ドライバーは2010年ダカール四輪王者カルロス・サインツ、5度の二輪王者シリル・デプレに、二輪・四輪両方で当時11度の王者となったステファン・ペテランセルという強力な布陣で、デビューイヤーにして優勝候補と目されていたが、どのステージでも3位以内に入ることができないほど速さが不足しており、総合トップ10入りは果たせなかった。ペテランセルが11位、デプレが34位でそれぞれ完走、サインツは5日目でクラッシュしリタイアした[18][19]。
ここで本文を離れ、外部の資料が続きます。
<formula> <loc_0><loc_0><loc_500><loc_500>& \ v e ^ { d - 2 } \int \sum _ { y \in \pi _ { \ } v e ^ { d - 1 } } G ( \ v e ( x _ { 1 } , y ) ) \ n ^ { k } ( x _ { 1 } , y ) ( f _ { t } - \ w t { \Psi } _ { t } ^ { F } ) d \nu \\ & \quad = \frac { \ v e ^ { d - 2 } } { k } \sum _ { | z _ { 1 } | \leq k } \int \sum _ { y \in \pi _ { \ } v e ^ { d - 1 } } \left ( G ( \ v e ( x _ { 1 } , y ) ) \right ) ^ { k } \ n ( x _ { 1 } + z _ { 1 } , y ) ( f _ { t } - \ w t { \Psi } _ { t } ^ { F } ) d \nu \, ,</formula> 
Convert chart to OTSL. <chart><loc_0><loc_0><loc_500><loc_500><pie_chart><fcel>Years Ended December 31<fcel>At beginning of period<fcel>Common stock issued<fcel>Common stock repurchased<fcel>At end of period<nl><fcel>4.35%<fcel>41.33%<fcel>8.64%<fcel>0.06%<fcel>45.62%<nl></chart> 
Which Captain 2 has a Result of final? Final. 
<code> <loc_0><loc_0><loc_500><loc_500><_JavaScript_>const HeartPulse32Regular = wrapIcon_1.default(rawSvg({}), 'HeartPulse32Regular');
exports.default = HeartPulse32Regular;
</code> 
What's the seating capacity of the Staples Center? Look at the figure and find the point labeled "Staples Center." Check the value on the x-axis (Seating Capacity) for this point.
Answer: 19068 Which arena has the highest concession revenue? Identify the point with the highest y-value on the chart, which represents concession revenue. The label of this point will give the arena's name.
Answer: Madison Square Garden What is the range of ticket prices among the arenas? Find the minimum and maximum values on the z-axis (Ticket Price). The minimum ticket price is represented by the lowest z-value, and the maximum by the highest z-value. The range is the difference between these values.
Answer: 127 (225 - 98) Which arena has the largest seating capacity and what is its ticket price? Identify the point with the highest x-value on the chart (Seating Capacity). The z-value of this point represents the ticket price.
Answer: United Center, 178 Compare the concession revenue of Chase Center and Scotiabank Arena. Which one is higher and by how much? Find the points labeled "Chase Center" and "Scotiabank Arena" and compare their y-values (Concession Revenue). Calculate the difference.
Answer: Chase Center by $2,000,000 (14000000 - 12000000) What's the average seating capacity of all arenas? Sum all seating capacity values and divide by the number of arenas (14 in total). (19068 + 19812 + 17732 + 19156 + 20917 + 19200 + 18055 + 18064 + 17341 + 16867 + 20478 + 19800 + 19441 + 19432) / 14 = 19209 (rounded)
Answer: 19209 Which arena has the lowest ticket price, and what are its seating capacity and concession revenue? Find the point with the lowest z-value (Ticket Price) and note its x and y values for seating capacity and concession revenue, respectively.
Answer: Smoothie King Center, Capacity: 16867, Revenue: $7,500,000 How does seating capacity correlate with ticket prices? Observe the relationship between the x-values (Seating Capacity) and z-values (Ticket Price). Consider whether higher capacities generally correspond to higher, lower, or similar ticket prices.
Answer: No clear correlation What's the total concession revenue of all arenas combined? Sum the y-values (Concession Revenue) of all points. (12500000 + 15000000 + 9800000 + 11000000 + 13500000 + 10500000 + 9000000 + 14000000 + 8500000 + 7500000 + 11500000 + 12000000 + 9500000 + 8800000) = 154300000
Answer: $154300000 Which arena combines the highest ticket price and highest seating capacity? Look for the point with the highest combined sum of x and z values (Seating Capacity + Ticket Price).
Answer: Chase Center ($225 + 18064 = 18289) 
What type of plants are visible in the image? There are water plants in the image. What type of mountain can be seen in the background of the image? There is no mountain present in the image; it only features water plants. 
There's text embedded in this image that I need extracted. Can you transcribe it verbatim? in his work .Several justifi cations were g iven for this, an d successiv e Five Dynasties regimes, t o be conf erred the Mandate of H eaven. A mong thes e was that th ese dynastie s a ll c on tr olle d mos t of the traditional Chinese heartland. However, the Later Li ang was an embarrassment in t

2016年は前年の体たらくから二輪駆動を諦めることも想定されたが、結局四輪駆動は選択せず、改良と熟成を進めた「2008 DKR 16」でリベンジ。全長4,284mm、全幅は2,200mmとそれぞれ約200mmずつ拡張され、オーバーハングは縮小。エンジン出力はトルクはそのまま350馬力へと増加。サスペンションや重量配分、エアインテークなどあらゆる点が見直された[20]。ドライバーにWRCを9連覇した王者セバスチャン・ローブも加わり、4台体制となる。この年プジョーの速さは前年と打って変わり圧倒的で、全13ステージ中9ステージで勝利を飾った。サインツはリタイア、デプレとローブはそれぞれ7位と9位となるが、ペテランセルが自身6度目となる四輪での総合優勝を果たした。プジョーとしては1990年の405 T16以来の栄冠で、「砂漠のライオン」の帰還を宣言するものとなった[21]。なおペテランセルはライバルのX-raidから違法給油をしていたとして抗議されていたが、運営の裁定により無罪となっている[22]。
2017年は市販車のフルモデルチェンジに合わせて3008 DKRにバトンタッチするが、2008 DKRは旧グループPSA(プジョー・シトロエン)と関わりの深いPHスポールの手へと渡り、ハリド・アル=カシミらプライベーターがドライブした。